Monday, September 9, 2013

The Sky is Falling Again.

This time I'm writing before I read anything anyone else wrote.  This is what really happened:

Weeden started out shaky.  He screwed up with the first interception.  This was a pass that he would throw with his coach's approval had Gordon been the reciever.  Yes, into double coverage.  Gordon would have had it, probably for a touchdown.

He'd been throwing it in practice, and probably couldn't help trying it with Benjamin.  He lofted the ball and dropped it right in the middle of the bracket, exactly where Gordon would have reached up and grabbed it.

Except it was to a guy who is a full half a foot shorter.

Still, Solomon Wilcotts criticized Benjamin for not fighting for the ball.  He felt that even though he's a shrimp, he could have jumped and got a hand on the ball to prevent the interception.

Solly is an ex-safety, you know.

Weeden started out shaky.  That was a mistake--due to who the target was.  Perfect, perfect throw--but a mistake.

Then he threw behind Cameron.  It went off Cameron's hands for a pick.  That was a bad throw.  Not because it was too hard, for crying out loud, but because it was behind him.  It was inaccuracy, not touch.  Weeden has great touch.

By design, that's a hard pass because it's meant to reach Cameron before the defenders can react to it; so that he gets it with room to turn upfield and run a few yards before they can close on him.

Yeah, Weeden blew that one, too.  Okay. And then he got behind and started getting creamed.  But this is where I sat up and noticed:  He was scrambling around, throwing it away, but--

He completed one pass off his back foot.  Then he threw another that somebody dropped while he was running for the sidelines.  He couldn't do that stuff last season!  If his feet weren't planted, he couldn't hit the broad side of a barn!  Turner (or somebody) has taught him how to walk and chew gum at the same time!

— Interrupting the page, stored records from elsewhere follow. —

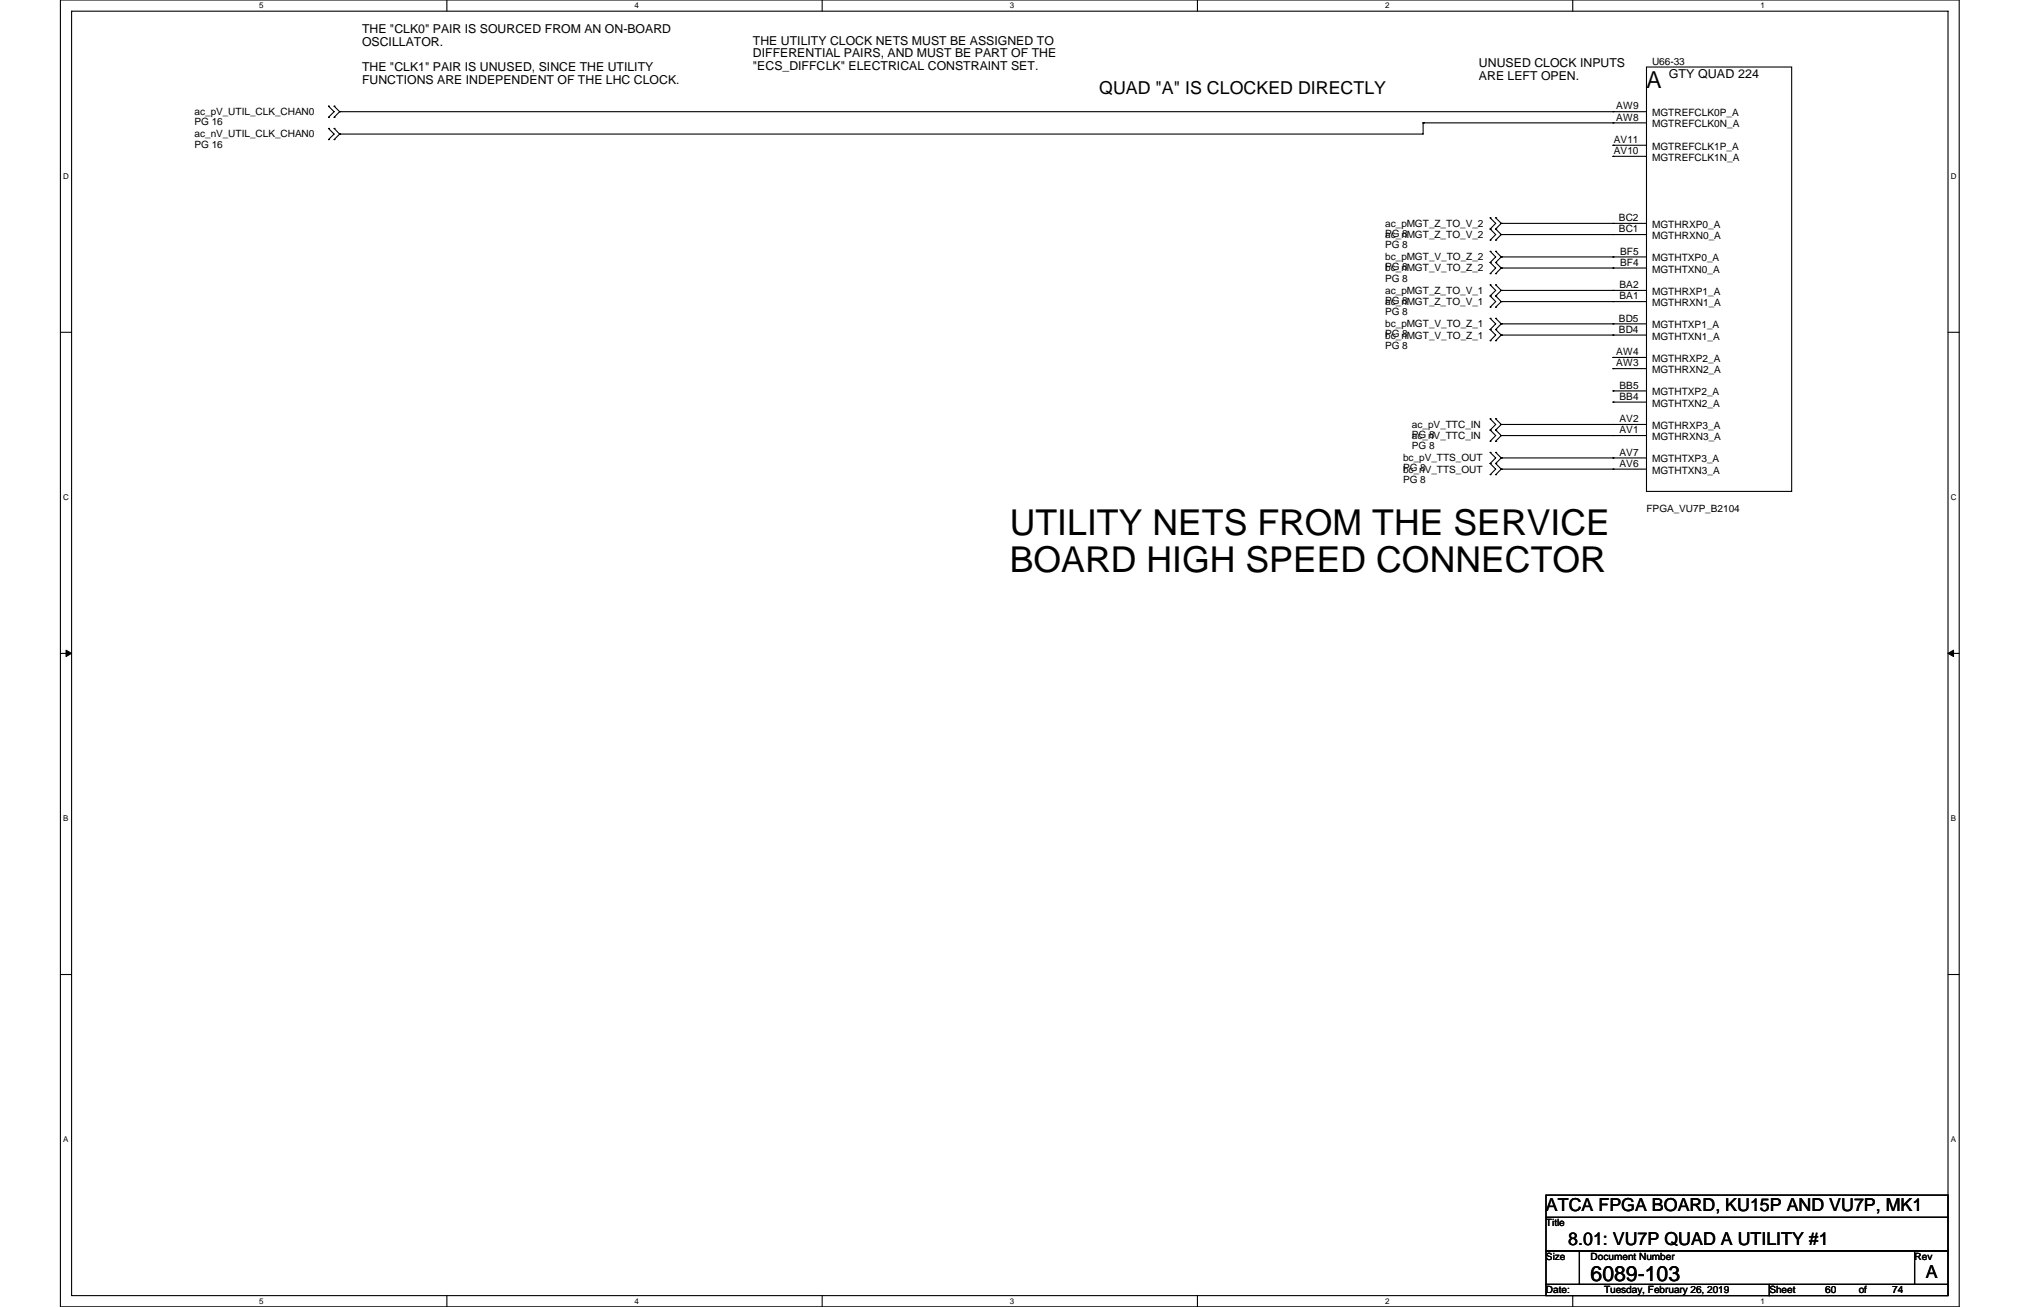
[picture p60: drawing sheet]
<svg xmlns="http://www.w3.org/2000/svg" width="432mm" height="279mm" viewBox="0 0 432 279" stroke-linecap="round" stroke-linejoin="round" font-family="sans-serif">
<defs><g id="words">
<g font-size="7.6">
<text x="215.9" y="114.3">UTILITY NETS FROM THE SERVICE</text>
<text x="215.9" y="122.2">BOARD HIGH SPEED CONNECTOR</text>
</g>
<text font-size="5" x="352" y="18.8">A</text>
<text font-size="4.5" x="340" y="273.9">6089-103</text>
<g font-size="3.8">
<text x="235" y="20.2">QUAD &quot;A&quot; IS CLOCKED DIRECTLY</text>
<text x="330.5" y="258.9">ATCA FPGA BOARD, KU15P AND VU7P, MK1</text>
<text x="335.2" y="266.1">8.01: VU7P QUAD A UTILITY #1</text>
<text x="411.6" y="273.2">A</text>
</g>
<g font-size="2.6">
<text x="77.4" y="7.1">THE &quot;CLK0&quot; PAIR IS SOURCED FROM AN ON-BOARD</text>
<text x="77.4" y="9.8">OSCILLATOR.</text>
<text x="161" y="9.5">THE UTILITY CLOCK NETS MUST BE ASSIGNED TO</text>
<text x="77.4" y="15.3">THE &quot;CLK1&quot; PAIR IS UNUSED, SINCE THE UTILITY</text>
<text x="77.4" y="18">FUNCTIONS ARE INDEPENDENT OF THE LHC CLOCK.</text>
<text x="161" y="12.2">DIFFERENTIAL PAIRS, AND MUST BE PART OF THE</text>
<text x="161" y="14.9">&quot;ECS_DIFFCLK&quot; ELECTRICAL CONSTRAINT SET.</text>
<text x="316.1" y="14.3">UNUSED CLOCK INPUTS</text>
<text x="316.1" y="17">ARE LEFT OPEN.</text>
<text x="356.7" y="16.7">GTY QUAD 224</text>
</g>
<g font-size="2.2">
<text x="345.5" y="23.4">AW9</text>
<text x="345.5" y="25.8">AW8</text>
<text x="353.1" y="27.2">MGTREFCLK0N_A</text>
<text x="353.1" y="24.8">MGTREFCLK0P_A</text>
<text x="345" y="32.9">AV10</text>
<text x="345" y="30.5">AV11</text>
<text x="353.1" y="34.4">MGTREFCLK1N_A</text>
<text x="353.1" y="32">MGTREFCLK1P_A</text>
<text x="346.1" y="47.2">BC2</text>
<text x="346.1" y="49.6">BC1</text>
<text x="353.1" y="51.1">MGTHRXN0_A</text>
<text x="353.1" y="48.7">MGTHRXP0_A</text>
<text x="346.3" y="56.8">BF4</text>
<text x="346.3" y="54.4">BF5</text>
<text x="353.1" y="58.3">MGTHTXN0_A</text>
<text x="353.1" y="55.9">MGTHTXP0_A</text>
<text x="346.2" y="64">BA1</text>
<text x="346.2" y="61.6">BA2</text>
<text x="353.1" y="65.4">MGTHRXN1_A</text>
<text x="353.1" y="63.1">MGTHRXP1_A</text>
<text x="346.1" y="71.1">BD4</text>
<text x="346.1" y="68.7">BD5</text>
<text x="353.1" y="70.2">MGTHTXP1_A</text>
<text x="345.5" y="75.9">AW4</text>
<text x="353.1" y="77.4">MGTHRXP2_A</text>
<text x="353.1" y="72.6">MGTHTXN1_A</text>
<text x="345.5" y="78.3">AW3</text>
<text x="346.2" y="83.1">BB5</text>
<text x="353.1" y="79.8">MGTHRXN2_A</text>
<text x="346.2" y="85.4">BB4</text>
<text x="353.1" y="86.9">MGTHTXN2_A</text>
<text x="353.1" y="84.5">MGTHTXP2_A</text>
<text x="346.2" y="92.6">AV1</text>
<text x="346.2" y="90.2">AV2</text>
<text x="353.1" y="94.1">MGTHRXN3_A</text>
<text x="353.1" y="91.7">MGTHRXP3_A</text>
<text x="346.2" y="99.8">AV6</text>
<text x="346.2" y="97.4">AV7</text>
<text x="353.1" y="101.3">MGTHTXN3_A</text>
<text x="353.1" y="98.9">MGTHTXP3_A</text>
</g>
<g font-size="2.1">
<text x="353.1" y="13.9">U66-33</text>
<text x="41.6" y="24.6">ac_pV_UTIL_CLK_CHAN0</text>
<text x="41.6" y="26.8">PG 16</text>
<text x="41.6" y="29.4">ac_nV_UTIL_CLK_CHAN0</text>
<text x="41.6" y="31.5">PG 16</text>
<text x="296.1" y="48.5">ac_pMGT_Z_TO_V_2</text>
<text x="296.1" y="50.6">PG 8</text>
<text x="296.1" y="50.9">ac_nMGT_Z_TO_V_2</text>
<text x="296.1" y="53">PG 8</text>
<text x="296.1" y="55.6">bc_pMGT_V_TO_Z_2</text>
<text x="296.1" y="57.8">PG 8</text>
<text x="296.1" y="58">bc_nMGT_V_TO_Z_2</text>
<text x="296.1" y="62.8">ac_pMGT_Z_TO_V_1</text>
<text x="296.1" y="65">PG 8</text>
<text x="296.1" y="65.2">ac_nMGT_Z_TO_V_1</text>
<text x="296.1" y="60.2">PG 8</text>
<text x="296.1" y="67.4">PG 8</text>
<text x="296.1" y="70">bc_pMGT_V_TO_Z_1</text>
<text x="296.1" y="72.1">PG 8</text>
<text x="296.1" y="72.4">bc_nMGT_V_TO_Z_1</text>
<text x="296.1" y="74.5">PG 8</text>
<text x="301.8" y="91.5">ac_pV_TTC_IN</text>
<text x="301.8" y="93.6">PG 8</text>
<text x="301.8" y="93.9">ac_nV_TTC_IN</text>
<text x="299.9" y="98.6">bc_pV_TTS_OUT</text>
<text x="299.9" y="100.8">PG 8</text>
<text x="299.9" y="101">bc_nV_TTS_OUT</text>
<text x="301.8" y="96">PG 8</text>
<text x="299.9" y="103.2">PG 8</text>
<text x="352" y="109.4">FPGA_VU7P_B2104</text>
<text x="330.5" y="262.2">Title</text>
<text x="330.5" y="269.3">Size</text>
<text x="340" y="269.3">Document Number</text>
<text x="409.3" y="269.3">Rev</text>
<text x="330.5" y="276.5">Date:</text>
<text x="342.9" y="276.5">Tuesday, February 26, 2019</text>
<text x="378.2" y="276.5">Sheet</text>
<text x="390.2" y="276.5">60</text>
<text x="397.3" y="276.5">of</text>
<text x="404.5" y="276.5">74</text>
</g>
<g font-size="1.7">
<text x="55.4" y="1.8">5</text>
<text x="135.6" y="1.8">4</text>
<text x="215.9" y="1.8">3</text>
<text x="296.1" y="1.8">2</text>
<text x="376.3" y="1.8">1</text>
<text x="13.5" y="38.2">D</text>
<text x="417" y="38.2">D</text>
<text x="13.5" y="106.9">C</text>
<text x="417" y="106.9">C</text>
<text x="13.5" y="175.5">B</text>
<text x="417" y="175.5">B</text>
<text x="13.5" y="244.2">A</text>
<text x="417" y="244.2">A</text>
<text x="55.4" y="278.7">5</text>
<text x="135.6" y="278.7">4</text>
<text x="215.9" y="278.7">3</text>
<text x="296.1" y="278.7">2</text>
<text x="376.3" y="278.7">1</text>
</g>
</g></defs>
<path d="M12.9 0h405.9v279.4h-405.9zM15.3 2.4h401.1v274.6h-401.1z" fill="none" stroke="#000" stroke-width=".23"/>
<g fill="#fff">
<path d="M55.4 .3h.9v1.8h-.9z"/>
<path d="M55.4 277.2h.9v1.9h-.9z"/>
</g>
<path d="M95.5 0v2.4M95.5 277v2.4" fill="none" stroke="#000" stroke-width=".23"/>
<g fill="#fff">
<path d="M135.6 .3h1v1.8h-1z"/>
<path d="M135.6 277.2h1v1.9h-1z"/>
</g>
<path d="M175.7 0v2.4M175.7 277v2.4" fill="none" stroke="#000" stroke-width=".23"/>
<g fill="#fff">
<path d="M215.9 .3h.9v1.8h-.9z"/>
<path d="M215.9 277.2h.9v1.9h-.9z"/>
</g>
<path d="M256 0v2.4M256 277v2.4" fill="none" stroke="#000" stroke-width=".23"/>
<g fill="#fff">
<path d="M296.1 .3h.9v1.8h-.9z"/>
<path d="M296.1 277.2h.9v1.9h-.9z"/>
</g>
<path d="M336.2 0v2.4M336.2 277v2.4" fill="none" stroke="#000" stroke-width=".23"/>
<g fill="#fff">
<path d="M376.3 .3h.9v1.8h-.9z"/>
<path d="M376.3 277.2h.9v1.9h-.9z"/>
<path d="M13.5 36.7h1.3v1.9h-1.3z"/>
<path d="M417 36.7h1.3v1.9h-1.3z"/>
<path d="M13.5 105.3h1.3v1.9h-1.3z"/>
<path d="M417 105.3h1.3v1.9h-1.3z"/>
</g>
<path d="M12.9 71h2.4M416.4 71h2.4" fill="none" stroke="#000" stroke-width=".23"/>
<g fill="#fff">
<path d="M13.5 174h1.1v1.9h-1.1z"/>
<path d="M417 174h1.1v1.9h-1.1z"/>
</g>
<path d="M12.9 139.7h2.4M416.4 139.7h2.4" fill="none" stroke="#000" stroke-width=".23"/>
<path d="M14.1 139v1.4l1.2-.7zM416.4 139.7l1.2 .7v-1.4z" fill="#000" stroke="#000" stroke-width=".21"/>
<g fill="#fff">
<path d="M13.5 242.6h1.1v1.9h-1.1z"/>
<path d="M417 242.6h1.1v1.9h-1.1z"/>
</g>
<g fill="none" stroke="#000" stroke-width=".23">
<path d="M352 14.3h31v90.8h-31zM70.2 25.1h.1M70.2 22.7h.1M70.2 29.8h.1M70.2 27.5h.1M70.2 22.7l1.2 1.2-1.2 1.2M70.2 27.5l1.2 1.2-1.2 1.1M71.4 22.7h.1M71.4 25.1h.1M71.4 27.5h.1M71.4 29.8h.1M71.4 22.7l1.2 1.2"/>
<path d="M71.4 27.5l1.2 1.2M72.6 23.9l-1.2 1.2M72.6 28.7l-1.2 1.1M72.6 23.9h.1M72.6 28.7h.1M72.6 23.9h279.4M304.2 26.3h.1M304.2 26.3h47.8M304.2 26.3v2.4h-231.6M344.8 26.3h.1M344.8 23.9h.1M344.8 33.4h.1"/>
<path d="M344.8 31.1h.1M344.8 33.4h7.2M344.8 31.1h7.2M318.5 49h.1M318.5 46.6h.1M318.5 51.3h.1M318.5 56.1h.1M318.5 53.7h.1M318.5 58.5h.1M318.5 46.6l1.2 1.2-1.2 1.2M318.5 49l1.2 1.1-1.2 1.2M318.5 53.7l1.2 1.2-1.2 1.2"/>
<path d="M318.5 56.1l1.2 1.2-1.2 1.2M319.7 46.6h.1M319.7 49h.1M319.7 51.3h.1M319.7 53.7h.1M319.7 56.1h.1M319.7 58.5h.1M319.7 46.6l1.2 1.2M319.7 49l1.2 1.1M319.7 53.7l1.2 1.2M319.7 56.1l1.2 1.2M320.9 47.8l-1.2 1.2"/>
<path d="M320.9 50.1l-1.2 1.2M320.9 54.9l-1.2 1.2M320.9 57.3l-1.2 1.2M320.9 47.8h.1M320.9 50.1h.1M320.9 54.9h.1M320.9 57.3h.1M320.9 50.1h31.1M320.9 54.9h31.1M344.8 50.1h.1M344.8 47.8h.1M344.8 57.3h.1"/>
<path d="M344.8 54.9h.1M352 47.8h-31.1M352 57.3h-31.1M318.5 63.3h.1M318.5 60.9h.1M318.5 65.7h.1M318.5 70.4h.1M318.5 68.1h.1M318.5 72.8h.1M318.5 60.9l1.2 1.2-1.2 1.2M318.5 63.3l1.2 1.2-1.2 1.2M318.5 68.1l1.2 1.1-1.2 1.2"/>
<path d="M318.5 70.4l1.2 1.2-1.2 1.2M319.7 60.9h.1M319.7 63.3h.1M319.7 65.7h.1M319.7 68.1h.1M319.7 70.4h.1M319.7 72.8h.1M319.7 60.9l1.2 1.2M319.7 63.3l1.2 1.2M319.7 68.1l1.2 1.1M319.7 70.4l1.2 1.2M320.9 62.1l-1.2 1.2"/>
<path d="M320.9 64.5l-1.2 1.2M320.9 69.2l-1.2 1.2M320.9 71.6l-1.2 1.2M320.9 62.1h.1M320.9 64.5h.1M320.9 69.2h.1M320.9 71.6h.1M320.9 64.5h31.1M320.9 69.2h31.1M344.8 64.5h.1M344.8 78.8h.1M344.8 62.1h.1"/>
<path d="M344.8 76.4h.1M344.8 71.6h.1M344.8 69.2h.1M344.8 78.8h7.2M344.8 76.4h7.2M352 62.1h-31.1M352 71.6h-31.1M318.5 91.9h.1M318.5 89.5h.1M318.5 94.3h.1M318.5 99.1h.1M318.5 96.7h.1"/>
<path d="M318.5 89.5l1.2 1.2-1.2 1.2M318.5 91.9l1.2 1.2-1.2 1.2M318.5 96.7l1.2 1.2-1.2 1.2M318.5 99.1l1.2 1.2-1.2 1.2M319.7 89.5h.1M319.7 91.9h.1M319.7 94.3h.1M319.7 96.7h.1M319.7 99.1h.1M319.7 89.5l1.2 1.2M319.7 91.9l1.2 1.2M319.7 96.7l1.2 1.2"/>
<path d="M319.7 99.1l1.2 1.2M320.9 90.7l-1.2 1.2M320.9 93.1l-1.2 1.2M320.9 97.9l-1.2 1.2M320.9 90.7h.1M320.9 93.1h.1M320.9 97.9h.1M320.9 93.1h31.1M344.8 93.1h.1M344.8 90.7h.1M344.8 86h.1M344.8 83.6h.1"/>
<path d="M344.8 97.9h.1M344.8 86h7.2M344.8 83.6h7.2M352 90.7h-31.1M352 97.9h-31.1M318.5 101.5h.1M319.7 101.5h.1M320.9 100.3l-1.2 1.2M320.9 100.3h.1M320.9 100.3h31.1M344.8 100.3h.1M12.9 208.3h2.4"/>
<path d="M416.4 208.3h2.4M330.5 255.5h85.9v4.7h-85.9zM330.5 260.2h85.9v7.2h-85.9zM330.5 267.4h7.1v7.2h-7.1zM330.5 274.6h47.7v2.4h-47.7zM337.6 267.4h71.7v7.2h-71.7zM378.2 274.6h38.2v2.4h-38.2zM409.3 267.4h7.1v7.2h-7.1z"/>
</g>
<use href="#words"/>
</svg>

He was fighting through it, delivering under pressure and after being sacked and beat up.  Except nobody was there to recieve the package.  That is, they dropped it.  Everybody dropped passes.  

But listen to me!  Watch the game again!  I'm telling you, okay the first quarter or so was on Weeden.  Okay he was screwing up again.  But then he got better.  HE was doing as well as anybody could with the heat he was taking, but now his teammates were letting him down.

Another interception.  Perfect pass!  Dead on!  Deflected by the reciever and I'm hearing people bashing Weeden for it!  

That's what really happened.  I still can't say that Weeden will be Da Man, but I saw smart throws and accuracy.  He did NOT wilt under pressure!  It was NOT his fault!  

So I do feel better about him.  Astronomically better about him than about the right guard.  Could Gilkey do worse?  I doubt it!  Give the kid a chance, Chud!

So they didn't run later.  As Bernie Kosar explained in the simplest words he could use, and talking real slow, they were putting eight men in the box and the Browns were now behind.  They needed to pass.

The Browns don't have a powerful offensive line.  It's normally better in pass-protection, and the run-blocking is more finesse than power.  This team can't run against eight man fronts unless it uses two tight ends and blocks with both of them.

The stacked front opened up passing lanes as it was supposed to, but they threw the kitchen sink into the backfield, and recievers started dropping balls.

Schwartze is a really good right tackle, but was overmatched here, just like every other right tackle in the NFL.  That damn right guard might as well not have been on the damn field, so he had zero help.

Barnidge screwed up more than once, not bothering to chip the DE before going out for a pass.

You know when a tackle expects somebody to bump a guy toward the inside, he sets up for it so he can hammer him and make him stand still.  When the chip doesn't happen, the guy runs right around him.  He has to dive at him and maybe try to get away with holding him, because he's already lost a step against a guy that can run circles around him.  Literally.

When he does this, he opens up a huge, gaping gap beween himself and the (bad) right guard, just too good for the linebacker or safety to resist shooting through.

^(*)&^T$!!!it was the right side of the offensive line, Weeden early and the recievers late, and they had to pass more as the game progressed, they got behind, and they found the freaking Wall of China in front of them!

Say they sucked.  Say they're bad.  But just please, please, if you have no idea why, just stop talking after you say it.